I have had some AC110s be completely silent, I have had others that have slight vibrations. Eitherway they are a great filter, try not to obsess too much over a hum that you will forget about.

Some filters take a warm in period to run silent. might go away with some time as the impeller settles into place. periodically check the inside area where the blades rotate to see if there is scratching from the blades. this would indicate a faulty impeller or shaft.


----------



## vinjo (Dec 8, 2010)

If it was the hum I would be ok with that. I mean I hear the hum, but there's this noticably louder sound as well... 

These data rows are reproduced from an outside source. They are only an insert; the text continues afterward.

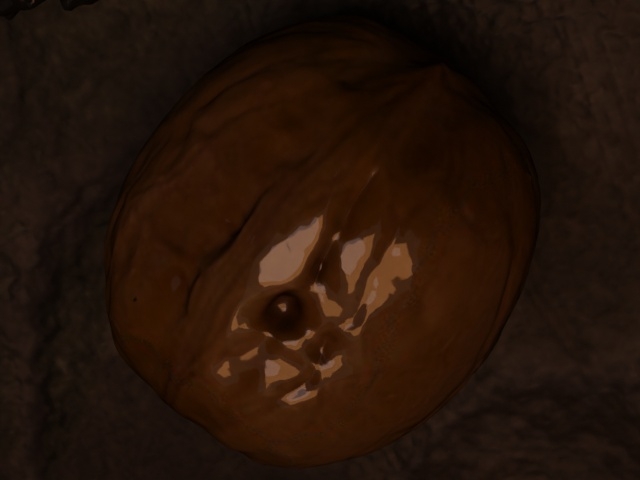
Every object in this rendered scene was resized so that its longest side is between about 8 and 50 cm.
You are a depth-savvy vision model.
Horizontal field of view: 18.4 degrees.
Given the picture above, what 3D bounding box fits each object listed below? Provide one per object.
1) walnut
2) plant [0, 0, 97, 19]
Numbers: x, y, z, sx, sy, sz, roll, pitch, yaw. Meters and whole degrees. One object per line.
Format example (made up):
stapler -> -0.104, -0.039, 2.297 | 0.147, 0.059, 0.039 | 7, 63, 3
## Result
walnut -> 0.000, 0.000, 0.955 | 0.195, 0.195, 0.222 | 34, 117, -8
plant -> -0.158, -0.166, 0.897 | 0.131, 0.203, 0.142 | -3, 118, 16
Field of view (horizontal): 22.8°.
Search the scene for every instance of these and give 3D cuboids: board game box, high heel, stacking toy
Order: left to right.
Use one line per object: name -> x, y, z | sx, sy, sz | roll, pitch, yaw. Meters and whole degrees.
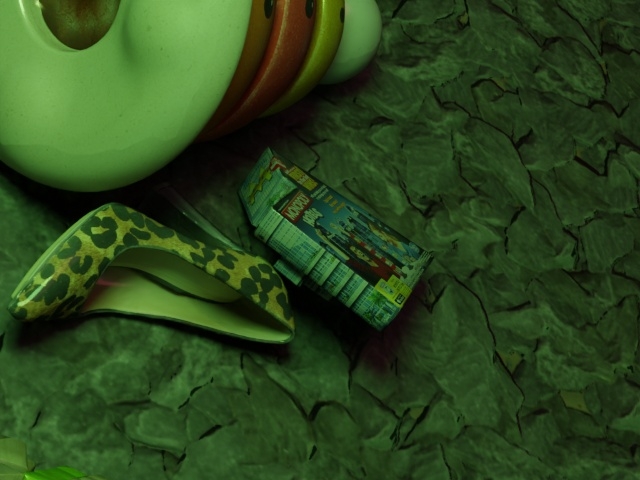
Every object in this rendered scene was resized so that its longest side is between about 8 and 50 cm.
high heel -> -0.134, 0.054, 1.350 | 0.186, 0.093, 0.261 | 43, 35, 8
stacking toy -> -0.094, -0.227, 1.494 | 0.480, 0.350, 0.350 | -6, 61, -57
board game box -> 0.000, 0.000, 1.474 | 0.194, 0.060, 0.194 | 37, 17, 3

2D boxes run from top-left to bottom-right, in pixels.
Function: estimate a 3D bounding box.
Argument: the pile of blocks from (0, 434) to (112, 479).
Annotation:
pile of blocks -> -0.283, 0.198, 1.155 | 0.362, 0.149, 0.113 | 22, 91, -9
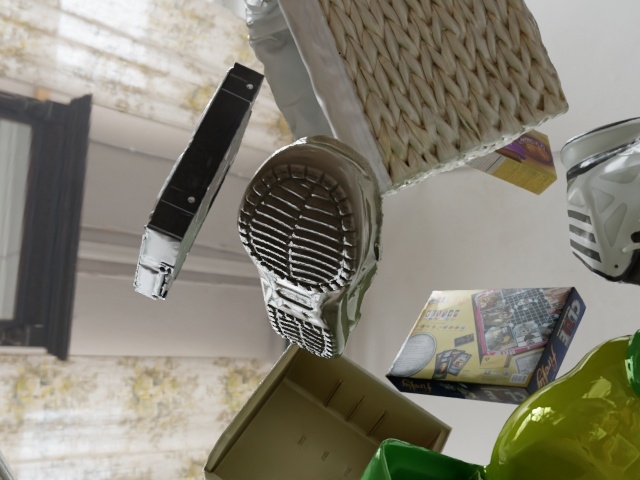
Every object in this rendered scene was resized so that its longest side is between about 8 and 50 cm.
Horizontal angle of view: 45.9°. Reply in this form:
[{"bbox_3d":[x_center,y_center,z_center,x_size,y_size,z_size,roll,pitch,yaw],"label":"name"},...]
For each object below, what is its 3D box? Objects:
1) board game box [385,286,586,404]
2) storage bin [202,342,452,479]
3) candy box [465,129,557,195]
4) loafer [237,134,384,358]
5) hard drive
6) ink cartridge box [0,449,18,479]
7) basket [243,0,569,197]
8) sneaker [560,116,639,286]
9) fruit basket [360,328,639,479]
[{"bbox_3d":[0.220,0.139,1.033,0.243,0.042,0.165,-6,-138,51],"label":"board game box"},{"bbox_3d":[0.006,0.304,1.054,0.262,0.260,0.123,34,-50,7],"label":"storage bin"},{"bbox_3d":[0.300,-0.158,1.265,0.053,0.187,0.109,-50,-153,43],"label":"candy box"},{"bbox_3d":[0.000,0.000,0.603,0.102,0.268,0.092,23,-120,11],"label":"loafer"},{"bbox_3d":[-0.197,-0.093,1.216,0.237,0.064,0.338,122,-11,-59],"label":"hard drive"},{"bbox_3d":[-0.451,0.293,0.722,0.226,0.306,0.131,60,-23,-1],"label":"ink cartridge box"},{"bbox_3d":[0.080,-0.225,0.944,0.328,0.267,0.331,150,-84,-83],"label":"basket"},{"bbox_3d":[0.510,-0.063,1.025,0.447,0.169,0.257,150,-54,-64],"label":"sneaker"},{"bbox_3d":[0.197,0.257,0.570,0.392,0.392,0.283,-50,-138,26],"label":"fruit basket"}]
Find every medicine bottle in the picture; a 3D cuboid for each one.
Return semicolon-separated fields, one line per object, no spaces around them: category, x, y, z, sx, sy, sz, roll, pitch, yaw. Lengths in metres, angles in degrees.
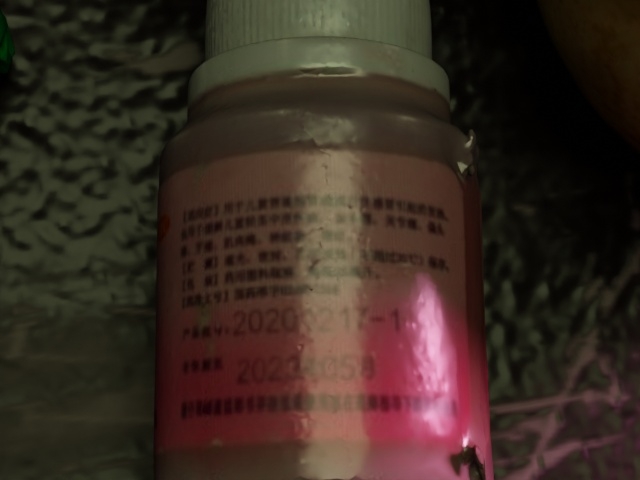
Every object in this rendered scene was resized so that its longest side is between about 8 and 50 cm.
medicine bottle;0.000;0.000;0.580;0.147;0.147;0.247;1;75;-9

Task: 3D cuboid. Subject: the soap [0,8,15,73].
soap;-0.287;-0.100;0.580;0.273;0.098;0.218;29;74;-1

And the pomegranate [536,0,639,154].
pomegranate;0.237;-0.135;0.576;0.319;0.319;0.319;2;76;-9

If there was someone who lived close to me that had an AC110 that I could visit I would be very appreciative. This way I can compare and see if there is something wrong with mine.


----------



## Lee_D (Jun 11, 2010)

I tried an AC 110 for about two weeks last fall. It was so loud I'm surprised you didn't hear it. Maybe they had a bad batch. I buried mine in the closet for future considerations.

Lee


----------



## fishclubgirl (Mar 4, 2010)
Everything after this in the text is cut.